Un avertissement pour l’après 2022 : préparer les futurs affrontements sociaux

Le ton général de la campagne présidentielle était d’ores et déjà largement polarisé sur la droite, avec les thèmes de la sécurité et de l’immigration incessamment remis sur la table. Mais ce mercredi le syndicat Alliance-Police a tout de même tapé un grand coup, démontrant qu’il il était en capacité de dicter de manière plus ou moins directe, la politique sécuritaire du pays alors que ce « grand oral » est apparu comme la tentative, après l’immersion ces dernières semaines de la question sociale dans la rue et l’espace public, de recentrer les débats autour des enjeux sécuritaires et identitaires.

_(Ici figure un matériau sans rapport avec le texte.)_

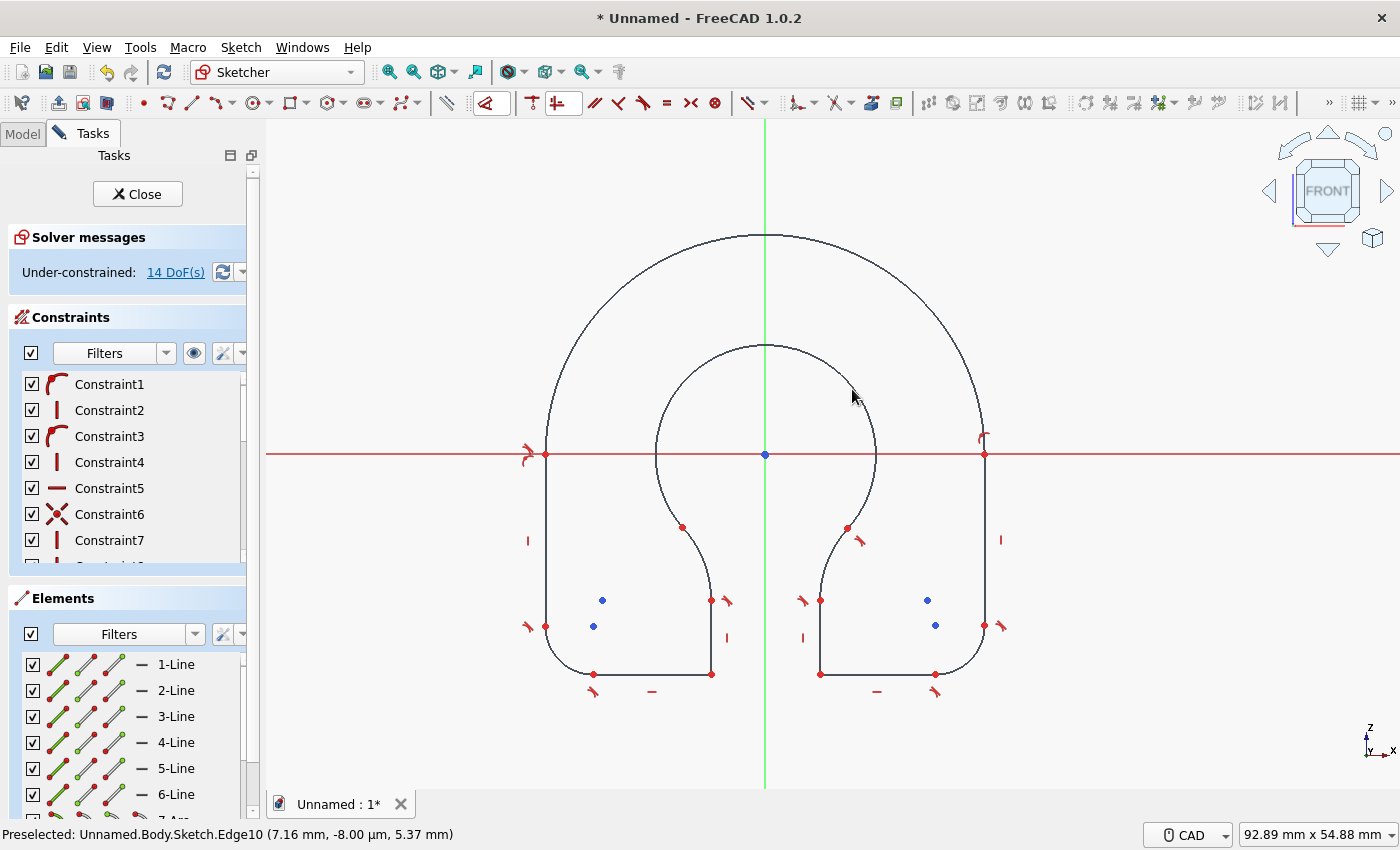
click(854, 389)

Si le quinquennat Macron a été l’occasion d’un autoritarisme croissant, entérinant dans la loi des pratiques et possibilités répressives toujours plus importantes, mais surtout défendant bec et ongle l’ensemble du corps policier. La polarisation à l’encontre des immigrés est très claire et constitue la pointe avancée de la politique qui serait menée par l’ensemble des candidats des droites. Mais l’on sent également dans les interventions au « grand oral » organisé par le syndicat Alliance-Police, quelque chose de plus profond qui se joue.

Le glissement se fait sentir : il faut préparer la répression de demain à l’encontre des mobilisations sociales, et réarmer les forces gouvernementales qui s’en chargeront. Comme le note Médiapart à nouveau, « Ainsi, à la première revendication du syndicat, celle de limiter le droit fondamental de manifester en facilitant et en élargissant les interdictions administratives, tous ont répondu positivement ». Valérie Pécresse déclare donc :« Il faut aller vers une action administrative pour empêcher les ultra-violents de manifester ». Marine le Pen propose quant à elle en outre de la « dissolution des blacks blocks », « l’élargissement des « mesures individuelles de contrôles administratifs aux fichés S qui appartiennent à des mouvances violentes ». Zemmour, pour sa part fustige les manifestations de Gilets jaunes et le « laxisme » du gouvernement à l’encontre de la mobilisation. Darmanin, lui, rappelle que le gouvernement s’est confronté au Conseil Constitutionnel avec son article« anti-casseurs ». Mais que les policiers n’aient crainte, le gouvernement « y retravaille » a promis le ministre de l’intérieur.

Ce que ces annonces de campagne préfigurent chez les quatre auditionnés, c’est donc un nouveau renforcement de l’appareil policier et des violences policières qui vont avec dans les quartiers populaires, ainsi que celles qui s’abattent sur les mouvements sociaux et les piquets de grève du mouvement ouvrier. En arrière-plan, l’objectif est clair : renforcer le bras armé de l’Etat et mettre tous les moyens nécessaires pour mater les futurs phénomènes sociaux et toute possibilité de révolte.